Quantifying the Speed-Up from Non-Reversibility in MCMC Tempering Algorithms
Gareth O. Roberts, Jeffrey S. Rosenthal
TL;DR
This work quantifies the gain from non-reversibility in MCMC tempering by linking momentum-like updates to a simple double-birth-death chain and deriving a diffusion-limit description. By analyzing space scaling with a factor $\ell$ and defining an efficiency function $\text{eff}(\ell)$, the authors derive optimal scaling strategies and show that, under a strong theoretical framework for tempering, non-reversible tempering surpasses reversible tempering by about a factor of 1.42 in maximum efficiency, with a practical 42% improvement at optimal scaling. The study combines analytic results (diffusion limits, scaling laws, and explicit formulas for reversible vs non-reversible efficiency) with simulations in $d=100$ that corroborate the theoretical curves and round-trip rates.

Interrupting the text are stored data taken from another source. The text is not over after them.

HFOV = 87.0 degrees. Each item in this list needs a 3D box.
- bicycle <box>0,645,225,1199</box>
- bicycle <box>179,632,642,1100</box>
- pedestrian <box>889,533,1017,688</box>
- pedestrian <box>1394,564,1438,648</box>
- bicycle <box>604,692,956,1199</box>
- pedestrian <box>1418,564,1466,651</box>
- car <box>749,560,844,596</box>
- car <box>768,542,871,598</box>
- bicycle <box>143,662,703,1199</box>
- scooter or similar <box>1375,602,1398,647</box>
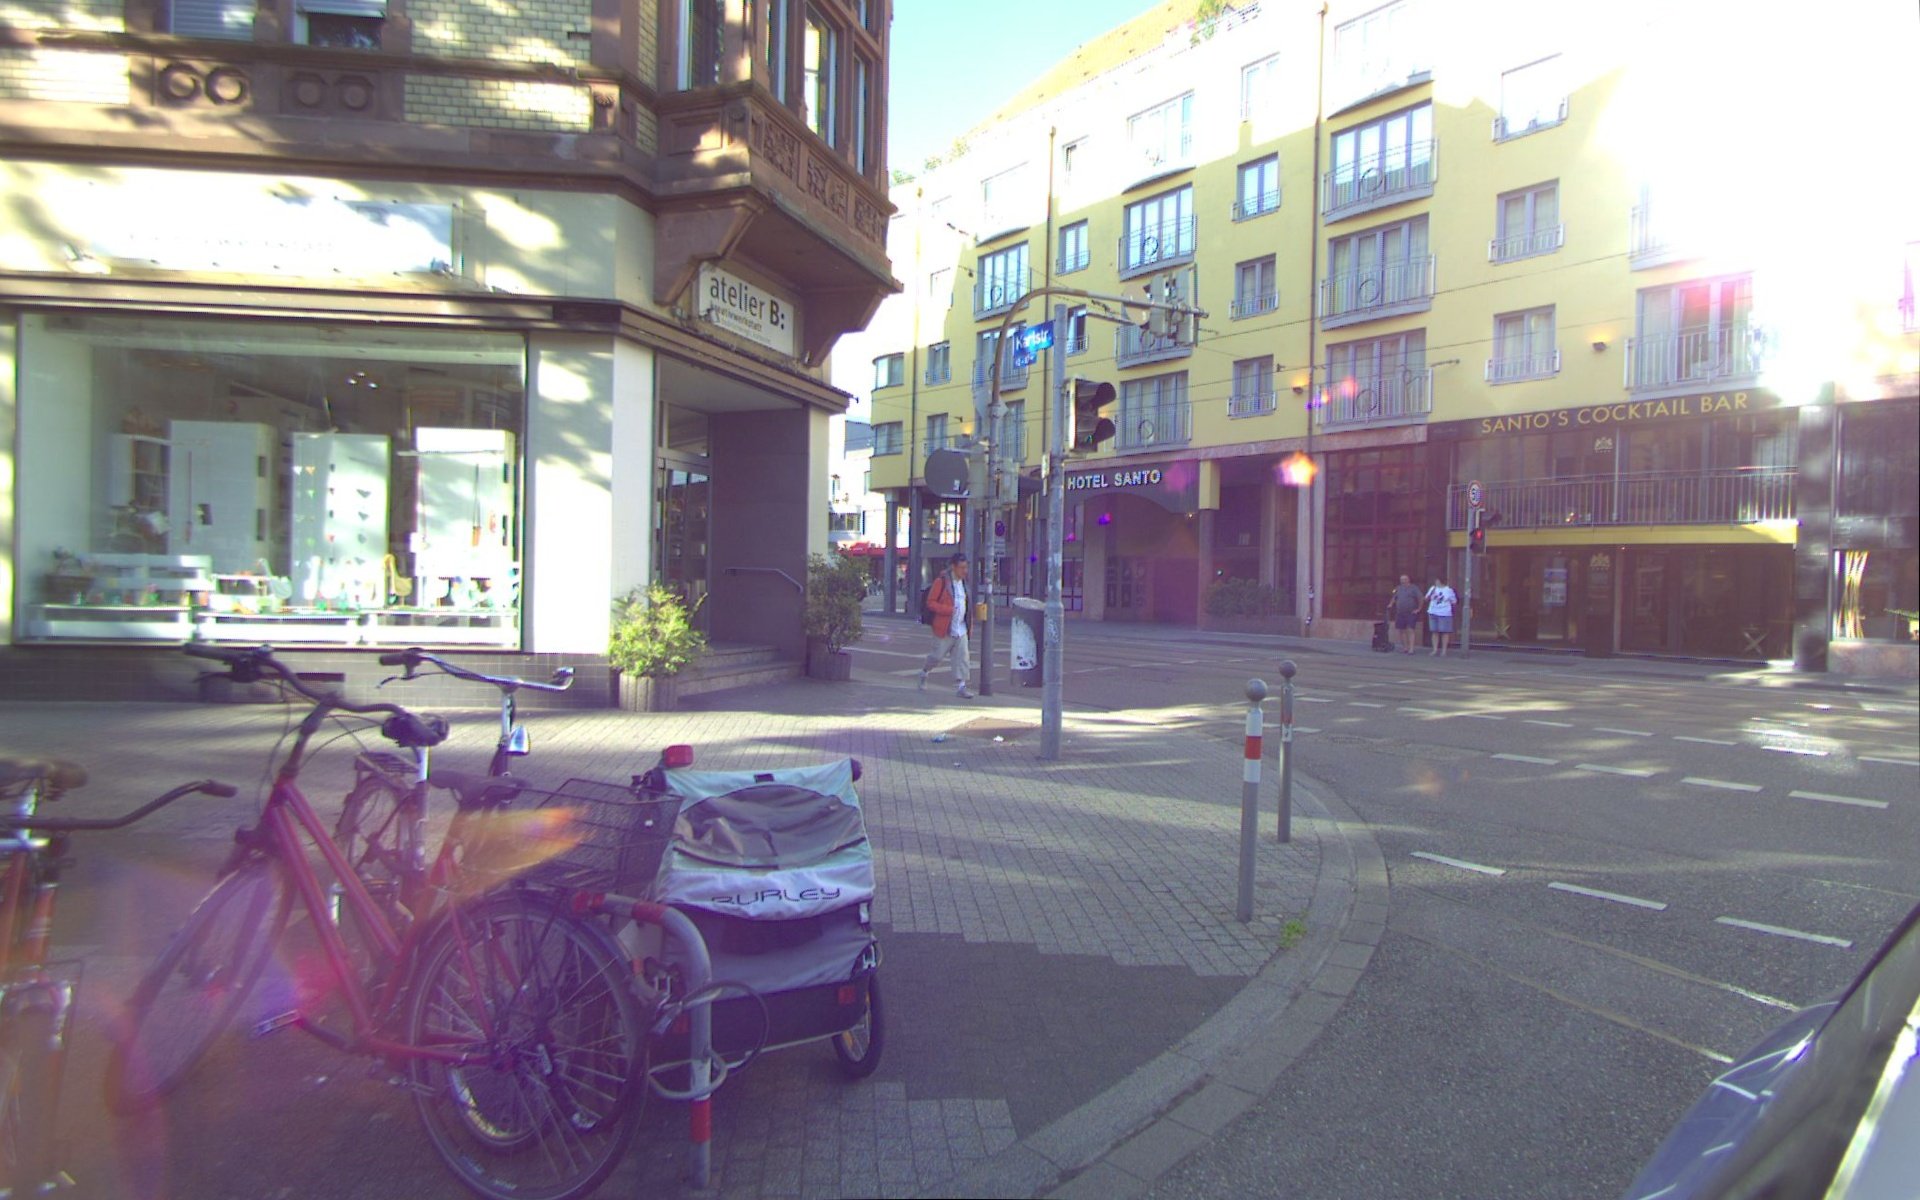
[{"bbox_3d":[-2.104,0.761,2.314,0.418,1.106,1.932,-2,5,-44],"label":"bicycle"},{"bbox_3d":[-1.771,0.725,3.243,1.463,1.106,0.569,3,4,27],"label":"bicycle"},{"bbox_3d":[-0.069,0.099,11.814,1.161,1.701,0.999,2,1,25],"label":"pedestrian"},{"bbox_3d":[10.441,0.125,23.177,0.714,1.862,0.678,-4,4,-40],"label":"pedestrian"},{"bbox_3d":[-0.569,0.852,2.916,0.723,1.039,1.001,1,1,-27],"label":"bicycle"},{"bbox_3d":[10.650,0.150,22.381,0.714,1.862,0.734,-4,4,-40],"label":"pedestrian"},{"bbox_3d":[-8.924,-1.176,55.517,4.732,1.860,2.058,0,1,-39],"label":"car"},{"bbox_3d":[-7.400,-1.552,53.510,5.055,2.792,2.058,0,1,-39],"label":"car"},{"bbox_3d":[-1.353,0.781,2.499,1.462,1.106,0.421,3,4,25],"label":"bicycle"},{"bbox_3d":[9.875,0.555,23.417,0.416,0.989,0.356,-4,4,-42],"label":"scooter or similar"}]
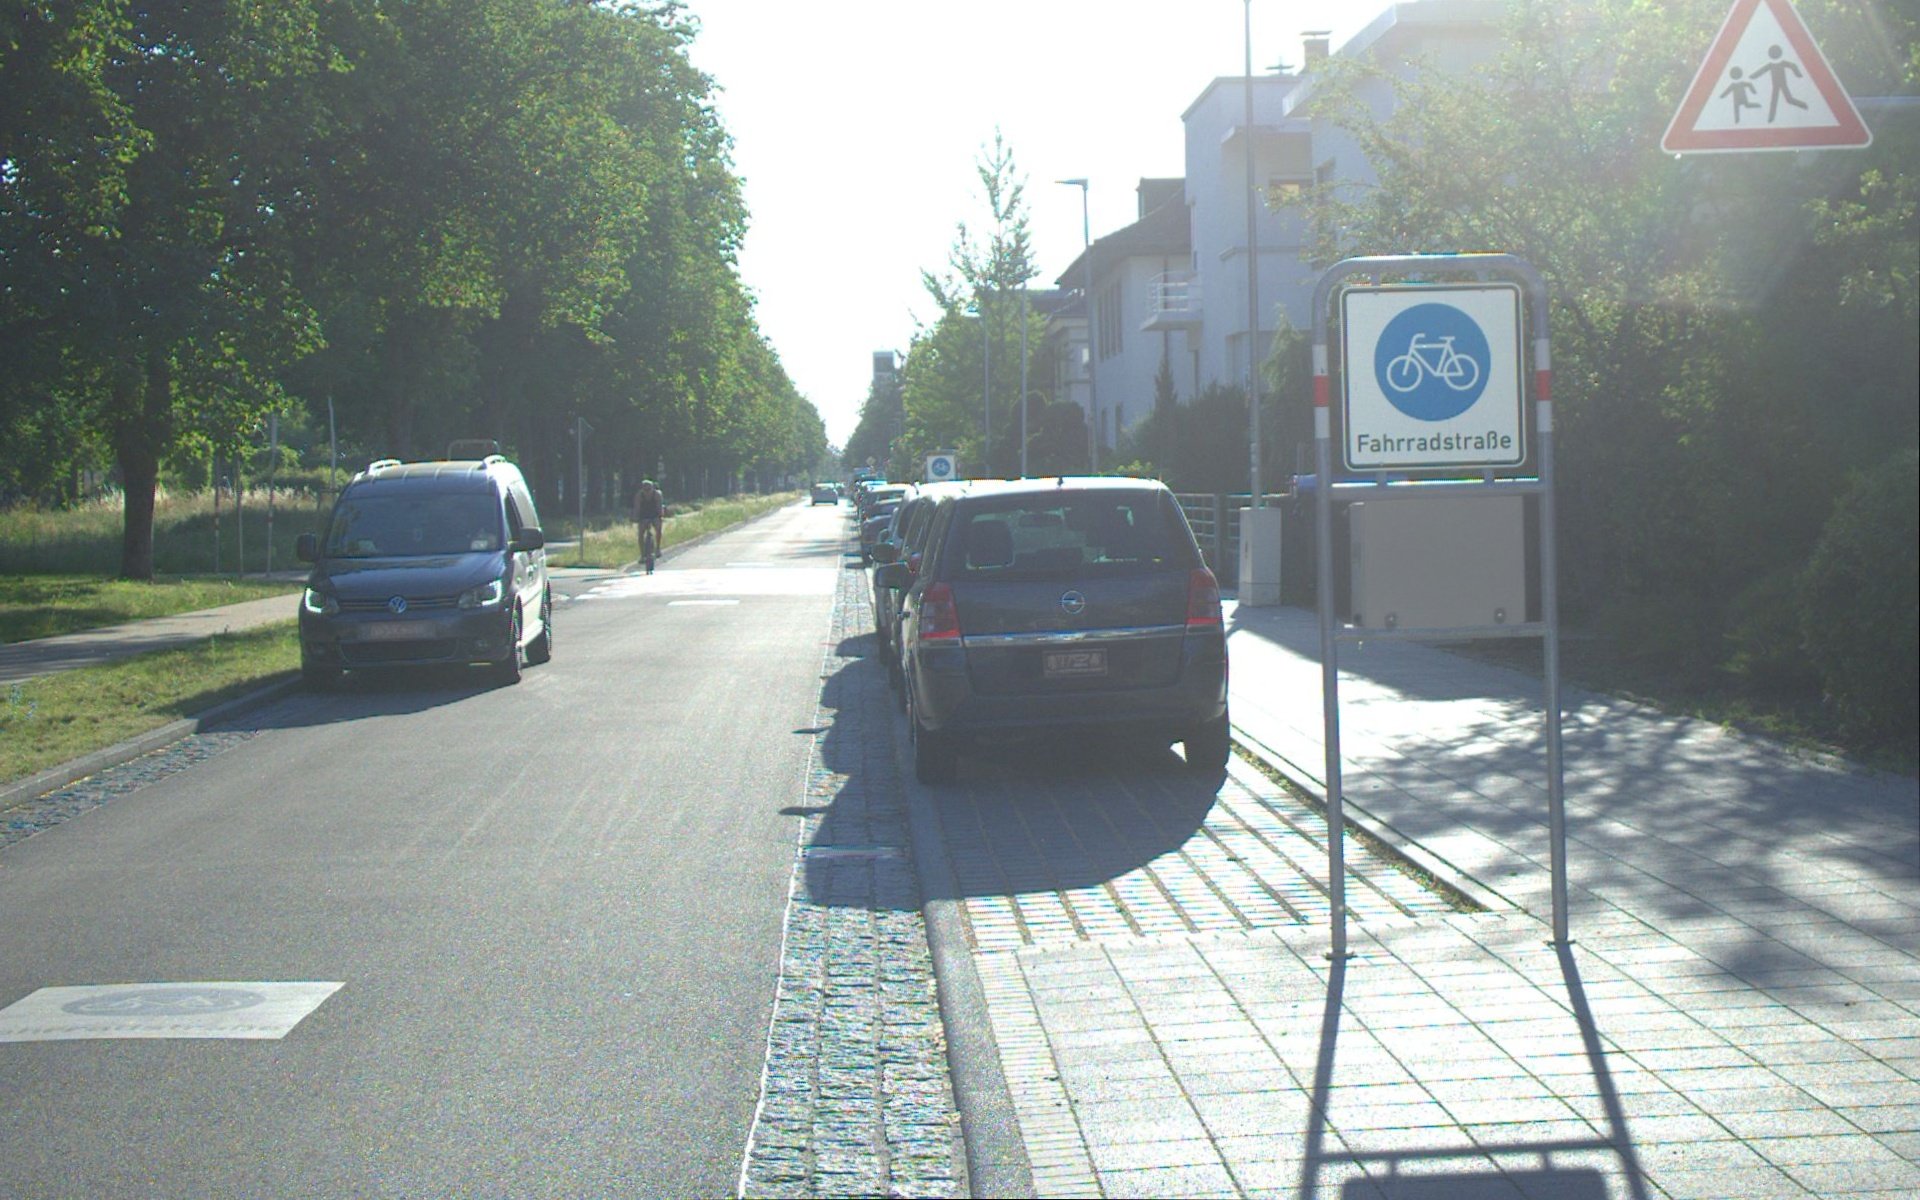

The findings inform how to choose temperature spacings and momentum-like updates to maximize round-trip efficiency, while highlighting that non-reversibility yields moderate gains rather than a dramatic overhaul of tempering methods.
Abstract
We investigate the increase in efficiency of simulated and parallel tempering MCMC algorithms when using non-reversible updates to give them "momentum". By making a connection to a certain simple discrete Markov chain, we show that, under appropriate assumptions, the non-reversible algorithms still exhibit diffusive behaviour, just on a different time scale. We use this to argue that the optimally scaled versions of the non-reversible algorithms are indeed more efficient than the optimally scaled versions of their traditional reversible counterparts, but only by a modest speed-up factor of about 42%.